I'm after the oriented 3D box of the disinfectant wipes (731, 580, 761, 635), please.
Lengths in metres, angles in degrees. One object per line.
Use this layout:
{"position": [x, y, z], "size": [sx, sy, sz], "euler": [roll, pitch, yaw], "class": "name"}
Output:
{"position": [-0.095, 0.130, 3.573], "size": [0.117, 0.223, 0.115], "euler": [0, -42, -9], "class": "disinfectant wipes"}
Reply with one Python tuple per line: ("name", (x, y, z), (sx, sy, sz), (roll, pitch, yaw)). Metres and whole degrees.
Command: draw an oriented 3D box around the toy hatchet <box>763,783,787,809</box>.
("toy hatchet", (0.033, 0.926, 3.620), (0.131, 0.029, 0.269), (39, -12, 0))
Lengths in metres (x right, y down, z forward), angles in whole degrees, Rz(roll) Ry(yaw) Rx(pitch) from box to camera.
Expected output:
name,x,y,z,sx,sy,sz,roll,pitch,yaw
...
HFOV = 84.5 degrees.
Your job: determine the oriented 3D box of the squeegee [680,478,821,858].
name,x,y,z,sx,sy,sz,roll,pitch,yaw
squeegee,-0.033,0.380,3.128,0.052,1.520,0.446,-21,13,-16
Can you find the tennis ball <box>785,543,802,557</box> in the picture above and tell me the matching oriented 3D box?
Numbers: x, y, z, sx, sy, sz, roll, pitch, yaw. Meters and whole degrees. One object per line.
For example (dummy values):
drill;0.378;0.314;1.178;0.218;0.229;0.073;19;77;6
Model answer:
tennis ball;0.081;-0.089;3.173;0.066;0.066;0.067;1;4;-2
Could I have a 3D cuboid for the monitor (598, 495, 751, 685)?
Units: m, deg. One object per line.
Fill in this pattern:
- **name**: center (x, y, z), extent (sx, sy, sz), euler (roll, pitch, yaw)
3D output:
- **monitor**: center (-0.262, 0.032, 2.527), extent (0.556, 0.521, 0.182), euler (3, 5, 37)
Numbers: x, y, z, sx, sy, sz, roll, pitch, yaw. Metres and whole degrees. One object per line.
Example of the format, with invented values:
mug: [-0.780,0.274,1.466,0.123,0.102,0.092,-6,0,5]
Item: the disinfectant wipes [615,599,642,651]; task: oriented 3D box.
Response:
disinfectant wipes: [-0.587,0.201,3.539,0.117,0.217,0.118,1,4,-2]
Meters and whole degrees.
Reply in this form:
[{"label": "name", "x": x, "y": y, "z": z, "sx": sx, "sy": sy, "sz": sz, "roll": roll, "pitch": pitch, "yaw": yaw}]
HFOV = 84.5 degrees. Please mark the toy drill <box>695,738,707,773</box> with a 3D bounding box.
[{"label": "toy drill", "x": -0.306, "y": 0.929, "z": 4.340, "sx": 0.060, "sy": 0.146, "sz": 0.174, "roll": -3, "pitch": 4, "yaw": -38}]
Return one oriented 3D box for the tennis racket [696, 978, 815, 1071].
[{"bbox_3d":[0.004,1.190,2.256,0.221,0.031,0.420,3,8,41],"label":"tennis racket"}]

________________________________________

Search the entries for the word "object" and copy every line that holds it.

_Solution to the problem_
Lengths in metres, angles in degrees. One object per line.
Numbers: x, y, z, sx, sy, sz, roll, pitch, yaw. Meters and whole degrees. One object per line.
Units: m, deg. One object per line.
Numbers: x, y, z, sx, sy, sz, roll, pitch, yaw. Metres and whole degrees. One object per line.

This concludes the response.